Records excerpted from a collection
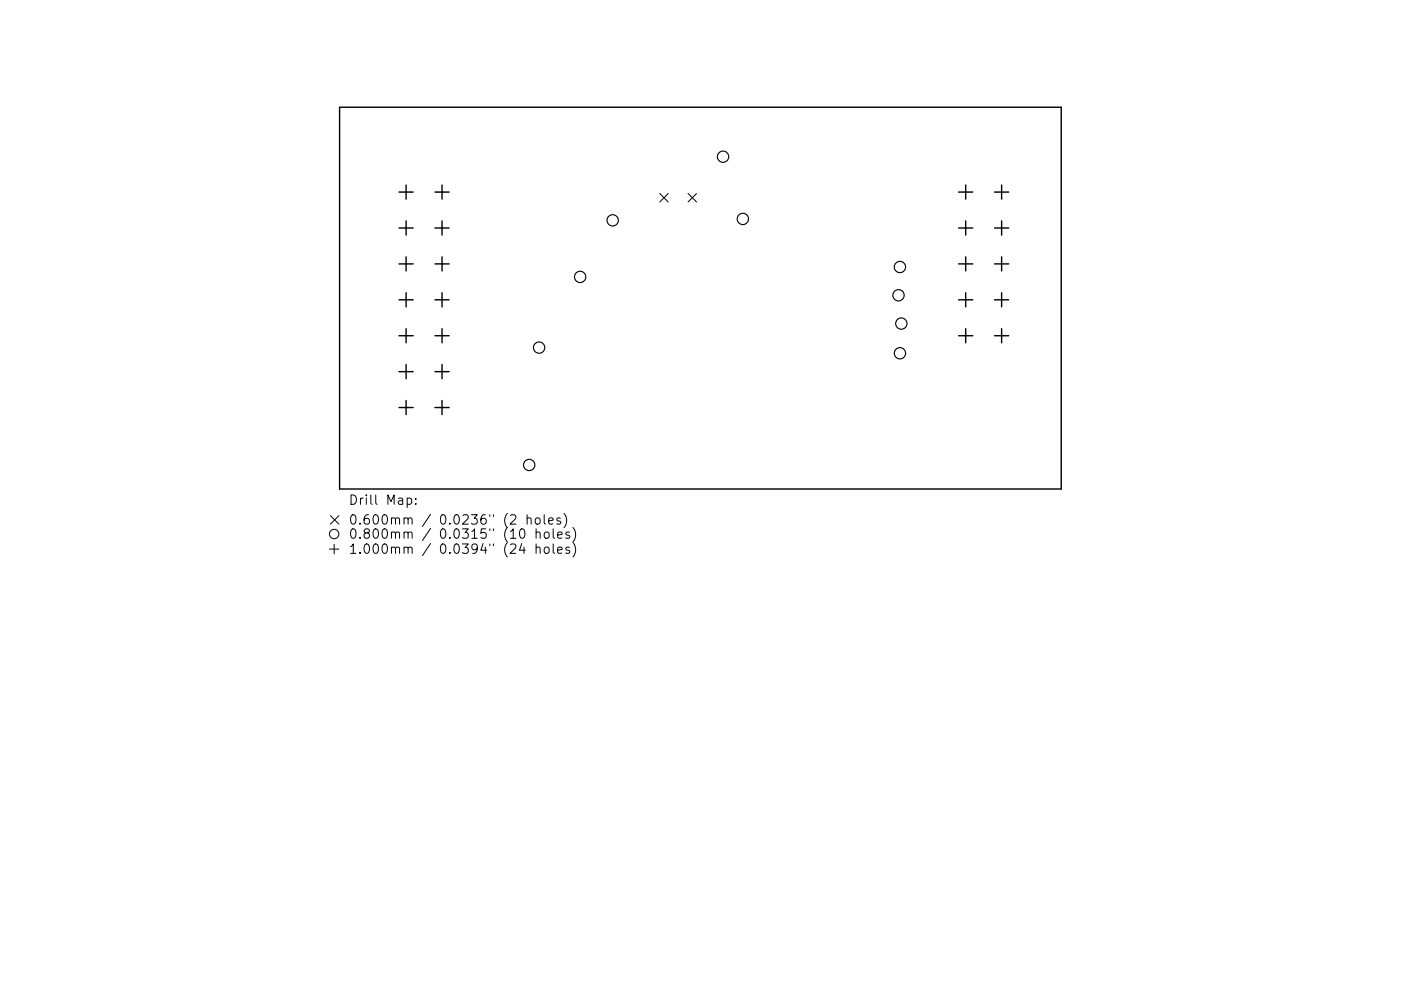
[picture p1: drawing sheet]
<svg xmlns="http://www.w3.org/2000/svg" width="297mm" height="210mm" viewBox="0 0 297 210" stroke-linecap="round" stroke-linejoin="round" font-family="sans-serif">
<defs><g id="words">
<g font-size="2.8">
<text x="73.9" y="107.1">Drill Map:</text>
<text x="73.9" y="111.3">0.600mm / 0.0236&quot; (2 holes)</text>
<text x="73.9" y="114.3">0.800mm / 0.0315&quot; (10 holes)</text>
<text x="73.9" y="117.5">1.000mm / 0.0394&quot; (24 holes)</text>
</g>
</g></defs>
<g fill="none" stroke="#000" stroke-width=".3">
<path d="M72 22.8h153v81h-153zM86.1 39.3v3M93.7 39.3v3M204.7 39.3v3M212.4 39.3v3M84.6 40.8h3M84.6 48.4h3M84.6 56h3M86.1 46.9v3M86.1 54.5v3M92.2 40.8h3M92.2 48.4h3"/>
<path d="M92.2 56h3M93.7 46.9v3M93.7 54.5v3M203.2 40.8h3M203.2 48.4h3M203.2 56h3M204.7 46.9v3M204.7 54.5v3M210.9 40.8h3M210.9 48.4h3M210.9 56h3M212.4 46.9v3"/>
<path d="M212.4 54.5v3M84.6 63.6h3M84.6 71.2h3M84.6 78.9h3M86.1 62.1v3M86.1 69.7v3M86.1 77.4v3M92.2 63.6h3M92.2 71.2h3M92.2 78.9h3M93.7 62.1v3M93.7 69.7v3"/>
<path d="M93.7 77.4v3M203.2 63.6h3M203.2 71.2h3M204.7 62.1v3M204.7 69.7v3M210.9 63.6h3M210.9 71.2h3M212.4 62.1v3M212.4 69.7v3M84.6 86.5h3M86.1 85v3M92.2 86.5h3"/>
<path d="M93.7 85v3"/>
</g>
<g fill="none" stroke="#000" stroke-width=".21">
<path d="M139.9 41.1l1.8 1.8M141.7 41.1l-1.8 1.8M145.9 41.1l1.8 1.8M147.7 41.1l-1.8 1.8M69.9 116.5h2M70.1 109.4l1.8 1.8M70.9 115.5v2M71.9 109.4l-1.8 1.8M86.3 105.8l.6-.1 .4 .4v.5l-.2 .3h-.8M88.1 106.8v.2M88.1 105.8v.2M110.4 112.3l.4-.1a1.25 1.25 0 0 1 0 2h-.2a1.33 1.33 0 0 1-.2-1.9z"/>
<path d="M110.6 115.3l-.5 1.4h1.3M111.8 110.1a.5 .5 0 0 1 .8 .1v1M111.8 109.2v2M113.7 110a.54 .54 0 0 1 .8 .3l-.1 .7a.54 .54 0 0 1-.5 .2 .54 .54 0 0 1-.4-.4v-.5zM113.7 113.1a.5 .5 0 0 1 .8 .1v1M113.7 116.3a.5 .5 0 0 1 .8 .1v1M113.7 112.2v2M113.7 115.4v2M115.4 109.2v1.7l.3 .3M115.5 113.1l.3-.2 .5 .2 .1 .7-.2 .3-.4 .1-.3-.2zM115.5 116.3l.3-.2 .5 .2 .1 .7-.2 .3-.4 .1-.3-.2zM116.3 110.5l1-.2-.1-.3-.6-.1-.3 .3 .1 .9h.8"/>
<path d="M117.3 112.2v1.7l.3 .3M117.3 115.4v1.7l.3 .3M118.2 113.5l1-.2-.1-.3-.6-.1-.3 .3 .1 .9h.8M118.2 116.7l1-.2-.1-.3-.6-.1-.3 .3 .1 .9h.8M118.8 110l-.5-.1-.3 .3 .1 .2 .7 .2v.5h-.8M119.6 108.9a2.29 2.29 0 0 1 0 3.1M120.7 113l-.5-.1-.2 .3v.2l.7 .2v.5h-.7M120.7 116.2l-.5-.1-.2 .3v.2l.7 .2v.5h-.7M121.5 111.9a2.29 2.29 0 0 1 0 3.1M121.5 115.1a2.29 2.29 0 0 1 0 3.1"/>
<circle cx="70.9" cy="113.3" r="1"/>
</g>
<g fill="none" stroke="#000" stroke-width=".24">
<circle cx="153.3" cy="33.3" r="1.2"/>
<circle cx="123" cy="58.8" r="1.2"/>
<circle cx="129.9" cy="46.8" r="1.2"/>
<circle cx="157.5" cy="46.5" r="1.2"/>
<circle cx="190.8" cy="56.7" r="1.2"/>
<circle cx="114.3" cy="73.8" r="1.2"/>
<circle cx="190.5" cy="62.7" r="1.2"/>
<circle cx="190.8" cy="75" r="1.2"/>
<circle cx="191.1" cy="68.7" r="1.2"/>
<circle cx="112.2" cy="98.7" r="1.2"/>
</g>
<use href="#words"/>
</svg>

# WHAT YOU WILL DO
All lines above that include the word "circle" must be copied into the answer.

# WRITTEN RESPONSE
<circle cx="70.9" cy="113.3" r="1"/>
<circle cx="153.3" cy="33.3" r="1.2"/>
<circle cx="123" cy="58.8" r="1.2"/>
<circle cx="129.9" cy="46.8" r="1.2"/>
<circle cx="157.5" cy="46.5" r="1.2"/>
<circle cx="190.8" cy="56.7" r="1.2"/>
<circle cx="114.3" cy="73.8" r="1.2"/>
<circle cx="190.5" cy="62.7" r="1.2"/>
<circle cx="190.8" cy="75" r="1.2"/>
<circle cx="191.1" cy="68.7" r="1.2"/>
<circle cx="112.2" cy="98.7" r="1.2"/>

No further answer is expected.